To lockdown, monitor and control internal messages and content within Slack, the company opened up the platform to third-party developers. Now about 80 apps are designed to do everything from filtering URLs to blocking malware to remediating threats within Slack. Here are ten tools that can help protect your Slack deployment.
Avanan Cloud Security Platform
One of the most comprehensive security applications available within Slack, the Avanan platform offers an umbrella of protection that incorporates lots of tools from other vendors in a single, unified platform. It can scan every file that goes through Slack looking for malware as well as filter URLs to block content coming from questionable sites or those that don’t comply with company policies. It can also look at data and check for compliancy issues, blocking things like personal or financial information, or protected company content.

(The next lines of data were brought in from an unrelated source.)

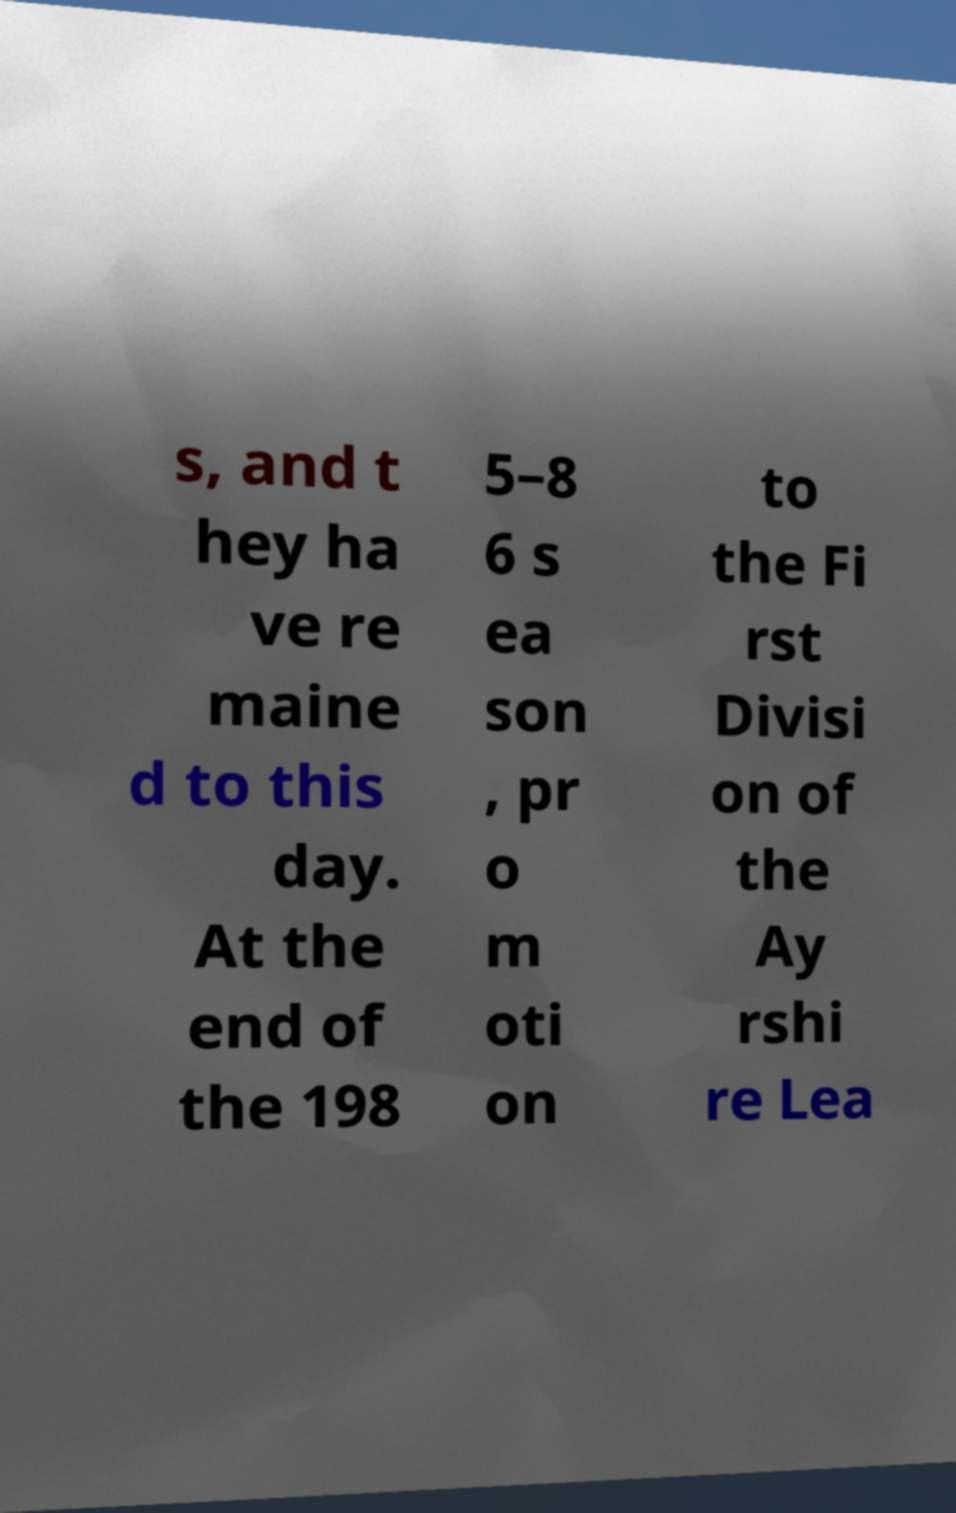Please identify and transcribe the text found in this image. s, and t hey ha ve re maine d to this day. At the end of the 198 5–8 6 s ea son , pr o m oti on to the Fi rst Divisi on of the Ay rshi re Lea 
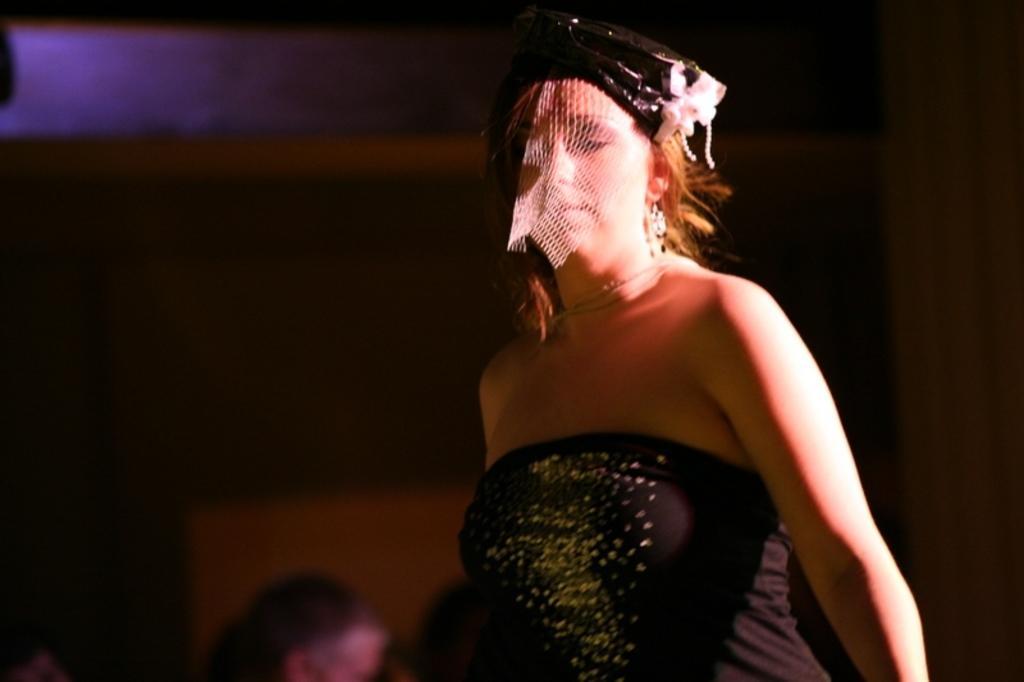Could you give a brief overview of what you see in this image? In this image we can see a lady wearing cap and mask. In the background it is dark. 
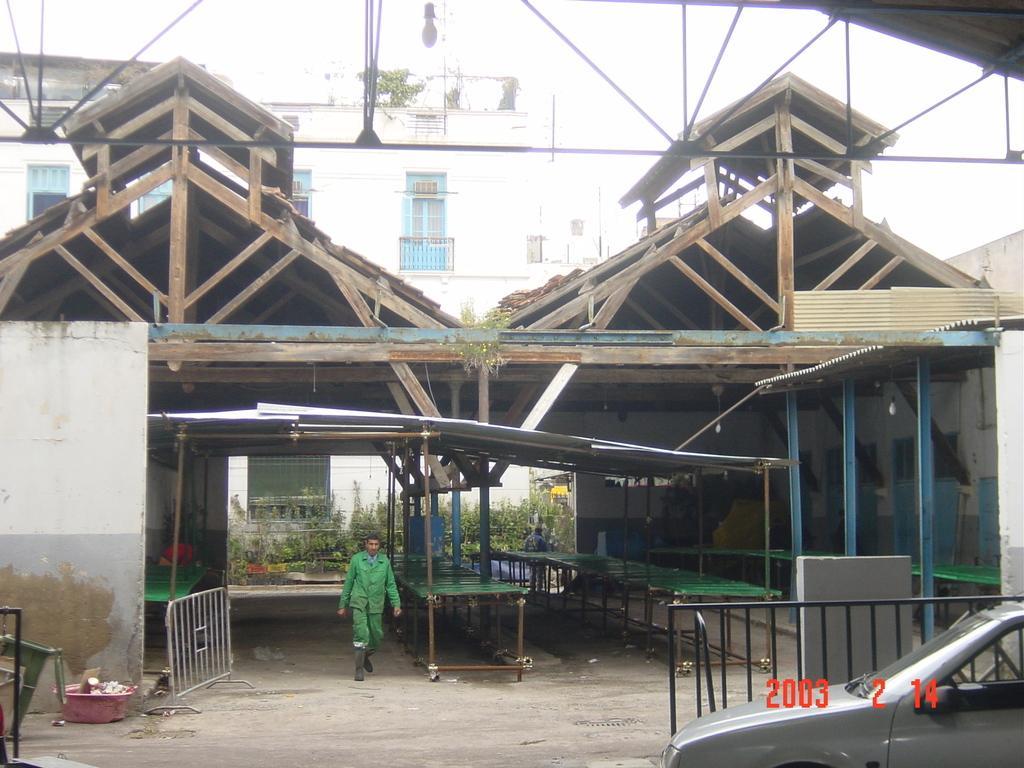Can you describe this image briefly? Here in this picture we can see a wooden shed present on the ground over there and in that we can see tables present on the ground and we can see people standing and walking over there and behind that we can see buildings present and we can see present on the middle, on the ground over there. 
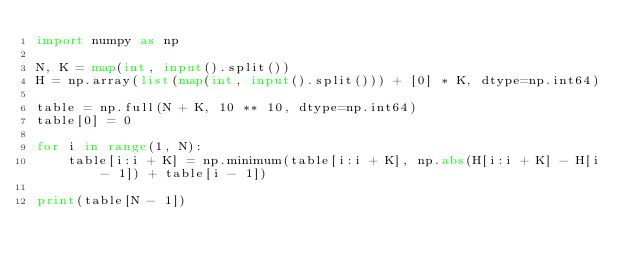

From the control panel, administrators can track things like suspicious user behavior, potential phishing attacks and even help to remediate threats that are attacking the organization’s Slack network. The biggest advantage to the Avanan Platform is the fact that it brings together a lot of protection under one application instead of trying to add everything together piecemeal.
Moderate Content
Whereas some Slack security apps perform many tasks, Moderate Content only does one thing, but in an area that is often overlooked. The Moderate Content app scans all image files being sent through your organization’s Slack network, rates them based on things like adult or violent content, and censors images that break company policy. Users still see that an adult or violent image was sent, but only heavily pixelated with an explanation as to why. Because images are being sent through the Moderate Content servers for analysis, it adds a couple seconds to transmission times.
The app is fully configurable, allowing administrators to tweak the filtering to include things like smoking, alcohol use or suggestive material.
McAfee Skyhigh for Slack
While the McAfee name is most associated with antivirus, for Slack the Skyhigh app looks at data protection and user behavior. For data loss prevention, Skyhigh can examine both files sent through Slack and the messages themselves. Besides blocking protected information from being shared, the app can also take several actions including coaching users, notifying an administrator, encrypting content, quarantining a message for human examination or deleting it.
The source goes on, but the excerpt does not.